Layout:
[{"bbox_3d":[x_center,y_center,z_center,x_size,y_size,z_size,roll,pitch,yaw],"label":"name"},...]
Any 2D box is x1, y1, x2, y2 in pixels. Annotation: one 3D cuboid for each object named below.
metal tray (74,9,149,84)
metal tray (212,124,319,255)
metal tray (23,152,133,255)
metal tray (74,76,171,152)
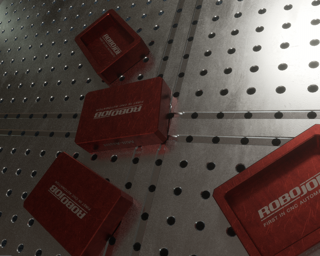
[{"bbox_3d":[-0.087,-0.144,0.536,0.090,0.030,0.130,-38,51,2],"label":"metal tray"},{"bbox_3d":[0.129,0.066,0.296,0.130,0.030,0.090,-34,52,5],"label":"metal tray"},{"bbox_3d":[-0.109,0.096,0.401,0.130,0.030,0.090,25,75,36],"label":"metal tray"},{"bbox_3d":[-0.053,-0.018,0.442,0.130,0.030,0.090,-8,58,23],"label":"metal tray"}]
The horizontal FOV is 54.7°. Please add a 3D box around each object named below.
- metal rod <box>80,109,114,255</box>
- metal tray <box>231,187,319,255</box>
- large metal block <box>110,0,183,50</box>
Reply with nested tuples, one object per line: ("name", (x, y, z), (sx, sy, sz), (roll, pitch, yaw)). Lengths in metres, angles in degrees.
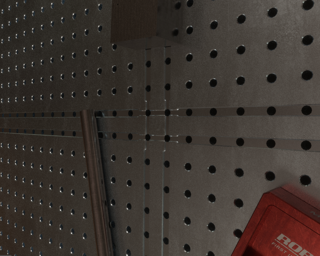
("metal rod", (-0.095, 0.119, 0.485), (0.025, 0.025, 0.298), (-14, 81, 39))
("metal tray", (0.142, 0.128, 0.288), (0.130, 0.030, 0.089), (32, 110, 35))
("large metal block", (-0.017, -0.150, 0.405), (0.080, 0.050, 0.079), (5, 93, 39))
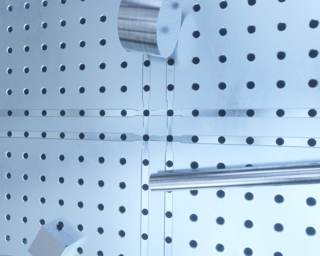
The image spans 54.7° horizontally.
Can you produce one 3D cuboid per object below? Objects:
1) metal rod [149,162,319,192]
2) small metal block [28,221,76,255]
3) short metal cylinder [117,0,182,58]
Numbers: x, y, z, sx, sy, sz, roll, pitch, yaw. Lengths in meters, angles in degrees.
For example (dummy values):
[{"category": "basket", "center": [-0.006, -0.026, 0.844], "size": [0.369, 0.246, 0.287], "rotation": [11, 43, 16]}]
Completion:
[{"category": "metal rod", "center": [0.131, 0.056, 0.366], "size": [0.301, 0.025, 0.025], "rotation": [-7, 88, 19]}, {"category": "small metal block", "center": [-0.164, 0.180, 0.471], "size": [0.050, 0.025, 0.050], "rotation": [35, 101, 16]}, {"category": "short metal cylinder", "center": [-0.011, -0.132, 0.387], "size": [0.050, 0.080, 0.080], "rotation": [14, 95, 19]}]
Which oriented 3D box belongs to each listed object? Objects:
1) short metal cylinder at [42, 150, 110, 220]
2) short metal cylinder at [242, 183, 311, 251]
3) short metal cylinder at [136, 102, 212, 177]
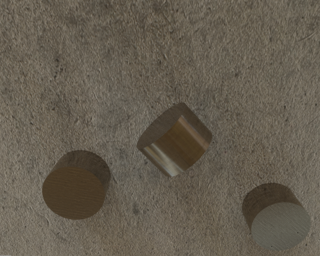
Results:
[{"bbox_3d":[-0.112,0.077,0.424,0.081,0.050,0.079,0,110,0],"label":"short metal cylinder"},{"bbox_3d":[0.164,0.126,0.444,0.081,0.050,0.079,0,110,0],"label":"short metal cylinder"},{"bbox_3d":[0.017,0.014,0.386,0.080,0.080,0.050,-40,106,13],"label":"short metal cylinder"}]
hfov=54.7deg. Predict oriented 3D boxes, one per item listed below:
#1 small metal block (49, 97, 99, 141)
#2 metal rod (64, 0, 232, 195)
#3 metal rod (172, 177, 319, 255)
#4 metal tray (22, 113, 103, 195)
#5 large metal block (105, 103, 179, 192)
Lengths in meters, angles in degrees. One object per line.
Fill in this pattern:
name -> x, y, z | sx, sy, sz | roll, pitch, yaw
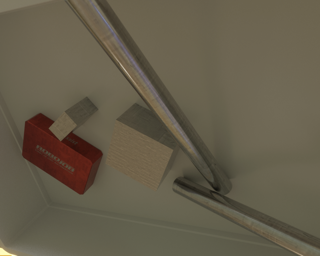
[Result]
small metal block -> -0.125, -0.013, 0.448 | 0.025, 0.050, 0.050 | 49, 128, -7
metal rod -> 0.013, -0.010, 0.318 | 0.025, 0.025, 0.300 | -8, 139, 31
metal rod -> 0.121, 0.109, 0.332 | 0.300, 0.025, 0.025 | 16, 129, 50
metal tray -> -0.166, 0.044, 0.518 | 0.130, 0.030, 0.089 | 31, 128, 7
large metal block -> -0.019, 0.026, 0.417 | 0.080, 0.050, 0.079 | 27, 128, 10
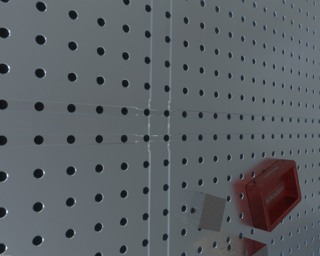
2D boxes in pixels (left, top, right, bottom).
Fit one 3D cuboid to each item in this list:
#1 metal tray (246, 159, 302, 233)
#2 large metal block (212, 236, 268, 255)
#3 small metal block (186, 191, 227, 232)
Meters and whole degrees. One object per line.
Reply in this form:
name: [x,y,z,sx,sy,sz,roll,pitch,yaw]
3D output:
metal tray: [0.221,0.125,0.591,0.131,0.030,0.089,-24,105,-37]
large metal block: [0.134,0.237,0.506,0.081,0.050,0.079,-13,98,-39]
small metal block: [0.071,0.126,0.469,0.050,0.025,0.050,24,75,-38]
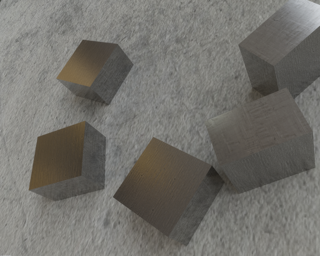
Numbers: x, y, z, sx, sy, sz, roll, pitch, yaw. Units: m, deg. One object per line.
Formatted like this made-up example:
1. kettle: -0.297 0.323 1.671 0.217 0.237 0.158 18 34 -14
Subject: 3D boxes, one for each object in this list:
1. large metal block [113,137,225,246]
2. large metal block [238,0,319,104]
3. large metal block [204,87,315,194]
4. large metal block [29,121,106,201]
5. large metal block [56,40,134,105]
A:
1. large metal block: 0.010 0.068 0.340 0.080 0.050 0.080 25 75 36
2. large metal block: 0.143 -0.081 0.343 0.080 0.080 0.050 -42 51 0
3. large metal block: 0.100 0.017 0.305 0.080 0.080 0.050 -23 54 14
4. large metal block: -0.123 0.046 0.422 0.080 0.050 0.080 -17 55 18
5. large metal block: -0.103 -0.090 0.495 0.080 0.050 0.080 17 70 34
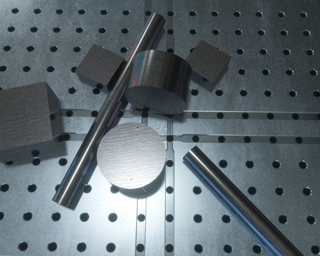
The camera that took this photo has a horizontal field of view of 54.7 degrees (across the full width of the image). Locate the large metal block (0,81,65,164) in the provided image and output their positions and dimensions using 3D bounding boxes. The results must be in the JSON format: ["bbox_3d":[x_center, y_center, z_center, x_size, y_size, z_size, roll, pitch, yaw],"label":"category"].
[{"bbox_3d":[-0.175,-0.006,0.399,0.081,0.050,0.080,-12,71,-5],"label":"large metal block"}]

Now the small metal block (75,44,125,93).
[{"bbox_3d":[-0.083,-0.085,0.442,0.050,0.025,0.050,26,72,9],"label":"small metal block"}]

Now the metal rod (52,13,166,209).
[{"bbox_3d":[-0.061,-0.036,0.424,0.025,0.025,0.300,22,71,7],"label":"metal rod"}]

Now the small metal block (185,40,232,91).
[{"bbox_3d":[0.066,-0.090,0.445,0.050,0.025,0.050,34,73,11],"label":"small metal block"}]

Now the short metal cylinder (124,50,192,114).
[{"bbox_3d":[-0.002,-0.057,0.403,0.080,0.080,0.050,11,71,4],"label":"short metal cylinder"}]

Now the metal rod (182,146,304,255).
[{"bbox_3d":[0.138,0.136,0.362,0.025,0.025,0.300,-40,75,-13],"label":"metal rod"}]

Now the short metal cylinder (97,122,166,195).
[{"bbox_3d":[-0.033,0.039,0.384,0.080,0.050,0.080,0,70,0],"label":"short metal cylinder"}]
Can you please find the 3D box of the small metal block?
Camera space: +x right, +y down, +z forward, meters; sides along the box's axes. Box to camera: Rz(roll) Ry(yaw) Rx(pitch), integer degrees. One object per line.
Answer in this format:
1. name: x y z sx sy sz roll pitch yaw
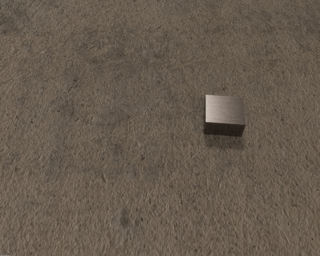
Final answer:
1. small metal block: 0.086 -0.017 0.419 0.050 0.025 0.050 4 50 3
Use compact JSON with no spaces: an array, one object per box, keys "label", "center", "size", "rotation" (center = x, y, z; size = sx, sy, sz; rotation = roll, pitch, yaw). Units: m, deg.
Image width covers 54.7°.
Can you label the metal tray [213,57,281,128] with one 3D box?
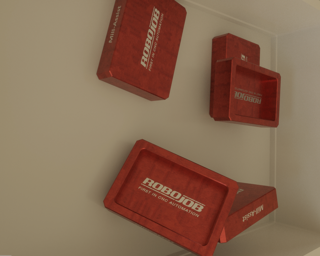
[{"label":"metal tray","center":[0.138,-0.050,0.478],"size":[0.131,0.030,0.089],"rotation":[6,86,-40]}]

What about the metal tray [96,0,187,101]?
[{"label":"metal tray","center":[-0.019,-0.108,0.387],"size":[0.091,0.030,0.129],"rotation":[20,78,-38]}]

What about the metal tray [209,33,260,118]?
[{"label":"metal tray","center":[0.124,-0.079,0.507],"size":[0.091,0.030,0.129],"rotation":[4,87,-40]}]

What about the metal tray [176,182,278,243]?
[{"label":"metal tray","center":[0.094,0.113,0.442],"size":[0.131,0.090,0.030],"rotation":[-14,97,-39]}]

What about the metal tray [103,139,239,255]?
[{"label":"metal tray","center":[0.013,0.080,0.360],"size":[0.030,0.130,0.090],"rotation":[92,24,-67]}]
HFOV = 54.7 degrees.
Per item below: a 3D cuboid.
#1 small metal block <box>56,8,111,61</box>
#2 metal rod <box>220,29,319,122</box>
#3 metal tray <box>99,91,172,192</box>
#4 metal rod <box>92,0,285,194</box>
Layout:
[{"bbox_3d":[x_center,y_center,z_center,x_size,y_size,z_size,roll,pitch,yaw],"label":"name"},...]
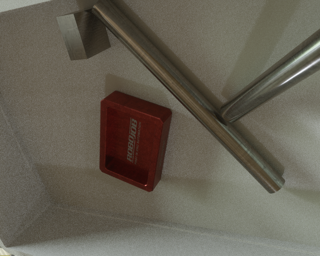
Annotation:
[{"bbox_3d":[-0.089,-0.113,0.368,0.025,0.050,0.050,2,119,27],"label":"small metal block"},{"bbox_3d":[0.120,-0.060,0.219,0.025,0.025,0.299,41,157,-1],"label":"metal rod"},{"bbox_3d":[-0.038,0.021,0.436,0.090,0.030,0.129,20,126,16],"label":"metal tray"},{"bbox_3d":[0.036,-0.036,0.366,0.300,0.025,0.025,45,129,-4],"label":"metal rod"}]

----------

- [Goal of the exercise] Since only part of the listing is wanted, copy exactly the lines from the one holding "1) metal rod [149,162,319,192]" to the one holding "For example (dummy", both included.

- [Problem solution]
1) metal rod [149,162,319,192]
2) small metal block [28,221,76,255]
3) short metal cylinder [117,0,182,58]
Numbers: x, y, z, sx, sy, sz, roll, pitch, yaw. Lengths in meters, angles in degrees.
For example (dummy values):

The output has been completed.